A new raised crosswalk may be coming to an intersection near you.
Community Board 1 voted on Thursday to send a letter to study the proposal for a raised intersection on the corner of Olive Street and Maspeth Avenue. By having intersections that are flushed with the sidewalk, motorists are encouraged to slow speed and yield to pedestrians, according to the National Association of City Transportation Officials.
Currently, there are only 17 raised intersections in the city as part of the New York City Department of Transportation’s in house raised crosswalk program, according to a DOT representative. The DOT also stated that they have installed another 13 raised intersections as part of other Capital projects.
Mayor Eric Adams has pledged to convert 100 dangerous intersections each year into raised intersections.
“DOT crews are working diligently to increase the number of raised crosswalk to meet the Mayor’s goal. We have identified a number of locations that will be built with our in-house forces, some of which are already in construction. DOT is also working with our partner agency Department of Design and Construction to identify additional locations for inclusion in the capital program,” a representative from DOT said in an email.

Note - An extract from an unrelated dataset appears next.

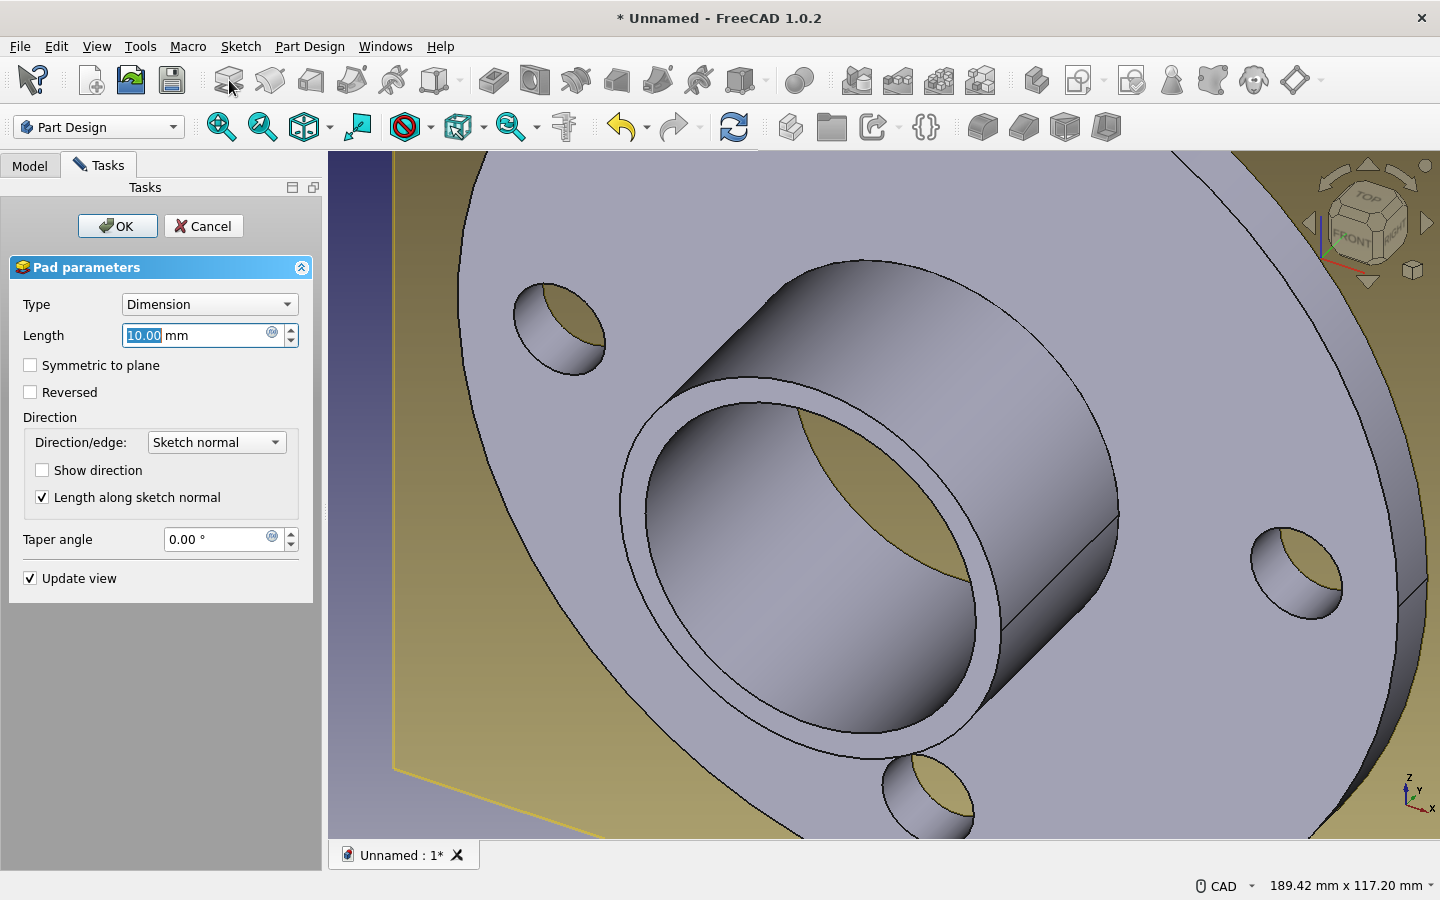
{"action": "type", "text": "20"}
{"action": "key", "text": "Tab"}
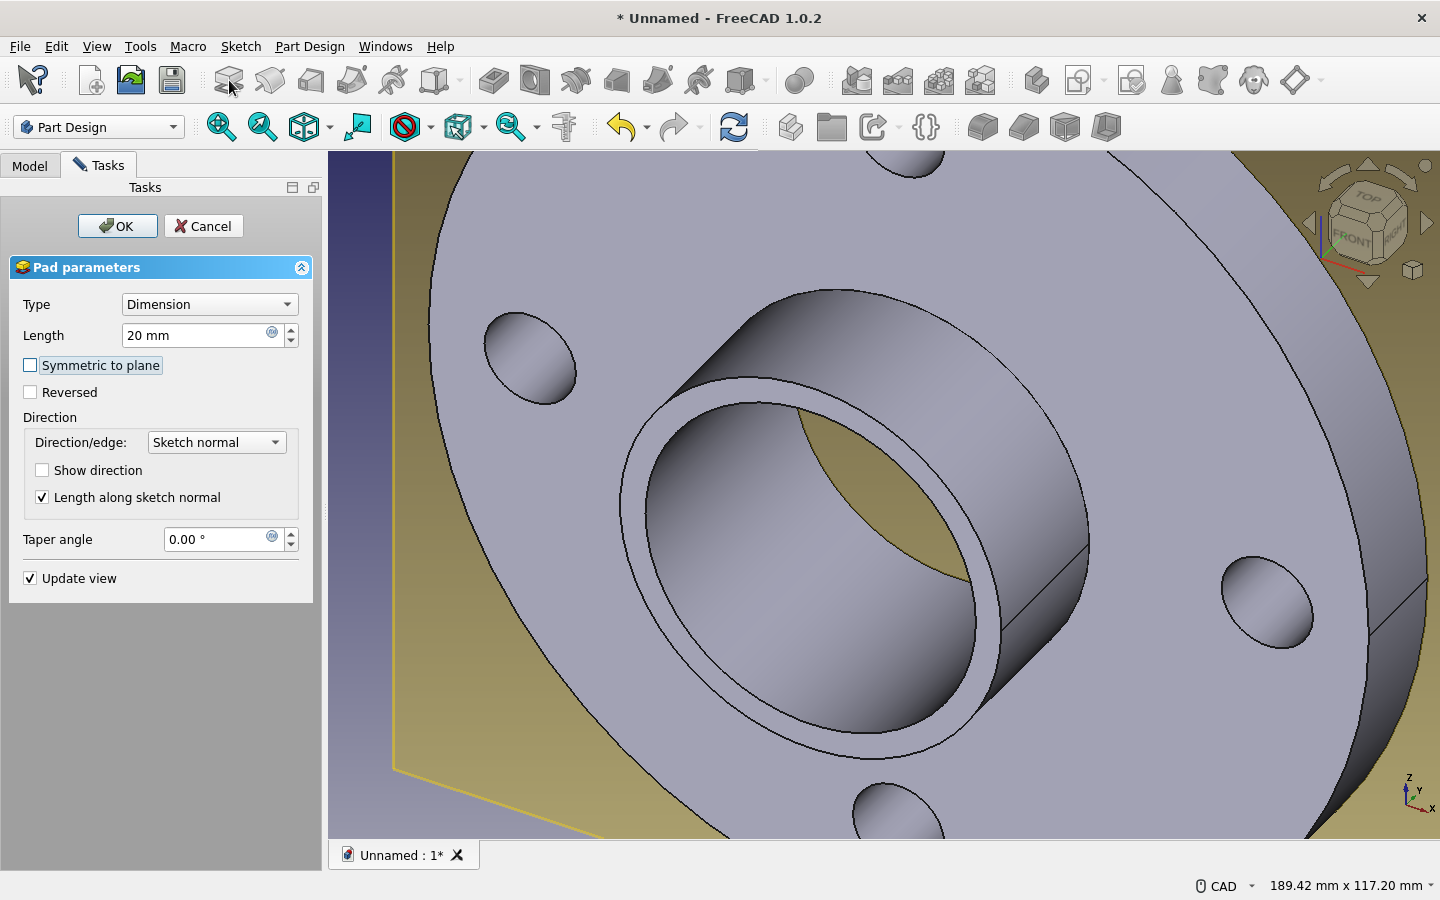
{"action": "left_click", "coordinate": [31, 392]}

Paul Kelterborn, a transportation committee member of Brooklyn Community Board 1, believes that this Williamsburg intersection is a perfect candidate. Kelterborn, a member of Friends of Cooper Park, believes that this improvement is necessary in large part to the influx of new residents that will be coming to the community.
The Cooper Park Commons, a new building with 557 units of housing and 200 shelter beds, will be opening soon and Kelterborn believes the raised intersection is one of the policy proposals that will help accommodate the influx of thousands of new residents.
Kelterborn’s proposal advocated for the raised intersection to use different materials and colors to differentiate the intersection. In the interim, Kelterborn believes the DOT should add curb extensions for shorter crossing distances and increased visibility, install planters and granite blocks to keep cars out of pedestrian space, as well as remove parked cars that block visibility on street corners.
While the raised intersection is a new proposal, features such as curb bump-outs have been requested for over a decade. The first calls for safety improvement were proposed in 2008 when residents complained about the intersection’s “fast-moving and unchecked vehicle traffic.”
A pedestrian safety plan that advocated for bump-outs at the intersection was recommended in 2010 by the Cooper Park Neighborhood Association. The DOT made some minor traffic calming and signage changes in 2015 that critics say didn’t adequately address the street safety conditions in the area.
In 2019, the Greenpoint Renaissance Enterprise Corporation – a group of North Brooklyn community organizations – sent a letter to the DOT to express their concern about street safety.
But now, in 2022, over a dozen community organizations from the St. Nicks Alliance to elected politicians like Councilwoman Jennifer Gutierrez have endorsed the raised intersection as a solution for the Cooper Park area.
“I hope with a new administration that has a focus on street safety that we will be able to get something ambitious like this done. The DOT has been unresponsive in the past” Kelterborn said in an interview. “We need to be proactively making streets safer rather than reactive.”